Sql-server – Hash keys probe and residual

database-internalsexecution-planperformancequery-performancesql server

Say, we have a query like this:

select a.*,b.*
from 
a join b
on a.col1=b.col1
and len(a.col1)=10

Assuming the above query uses a Hash Join and has a residual, the probe key will be col1 and the residual will be len(a.col1)=10.

But while going through another example, I could see both the probe and the residual to be the same column. Below is an elaboration on what I am trying to say:

Query:

select *
from T1 join T2 on T1.a = T2.a 

Execution plan, with probe and residual highlighted:

enter image description here

Test data:

create table T1 (a int, b int, x char(200))
create table T2 (a int, b int, x char(200))

set nocount on
declare @i int
set @i = 0
while @i < 1000
  begin
      insert T1 values (@i * 2, @i * 5, @i)
    set @i = @i + 1
  end

declare @i int
set @i = 0
while @i < 10000
  begin
    insert T2 values (@i * 3, @i * 7, @i)
    set @i = @i + 1
  end

Question:

How can a probe and a residual be the same column? Why can't SQL Server use the probe column only?
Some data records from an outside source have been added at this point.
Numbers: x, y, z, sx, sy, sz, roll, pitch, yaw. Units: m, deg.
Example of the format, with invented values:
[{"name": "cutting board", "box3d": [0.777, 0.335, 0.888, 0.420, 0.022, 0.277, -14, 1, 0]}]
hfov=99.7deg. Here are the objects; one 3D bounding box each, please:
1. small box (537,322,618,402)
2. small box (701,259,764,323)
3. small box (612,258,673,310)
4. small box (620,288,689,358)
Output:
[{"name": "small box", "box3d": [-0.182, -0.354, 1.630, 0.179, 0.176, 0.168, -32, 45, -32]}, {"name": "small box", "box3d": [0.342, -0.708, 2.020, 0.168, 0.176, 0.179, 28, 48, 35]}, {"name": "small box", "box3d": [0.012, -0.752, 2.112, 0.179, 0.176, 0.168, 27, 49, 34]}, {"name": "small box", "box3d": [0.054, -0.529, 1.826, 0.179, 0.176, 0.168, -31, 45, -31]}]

Why does it have to use the same column as a residual to filter rows again?

References for test data:

Best Answer

If the join is on a single column typed as tinyint, smallint, or integer* and if both columns are constrained to be NOT NULL, the hash function is 'perfect' – meaning there is no chance of a hash collision, and the query processor does not have to check the values again to ensure they really match.
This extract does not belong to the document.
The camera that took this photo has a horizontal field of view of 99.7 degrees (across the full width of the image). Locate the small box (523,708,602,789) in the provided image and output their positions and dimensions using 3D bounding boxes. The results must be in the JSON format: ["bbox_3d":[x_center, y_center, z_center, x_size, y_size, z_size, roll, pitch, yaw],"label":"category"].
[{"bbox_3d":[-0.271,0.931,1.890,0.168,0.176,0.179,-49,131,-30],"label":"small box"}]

Otherwise, you will see a residual as items in the hash bucket are tested for a match, not just a hash function match.

Your test does not specify NULL or NOT NULL for the columns (a bad practice, by the way), so it appears you are using a database where NULL is the default.

More information in my post Join Performance, Implicit Conversions, and Residuals and Hash Join Execution Internals by Dmitry Pilugin.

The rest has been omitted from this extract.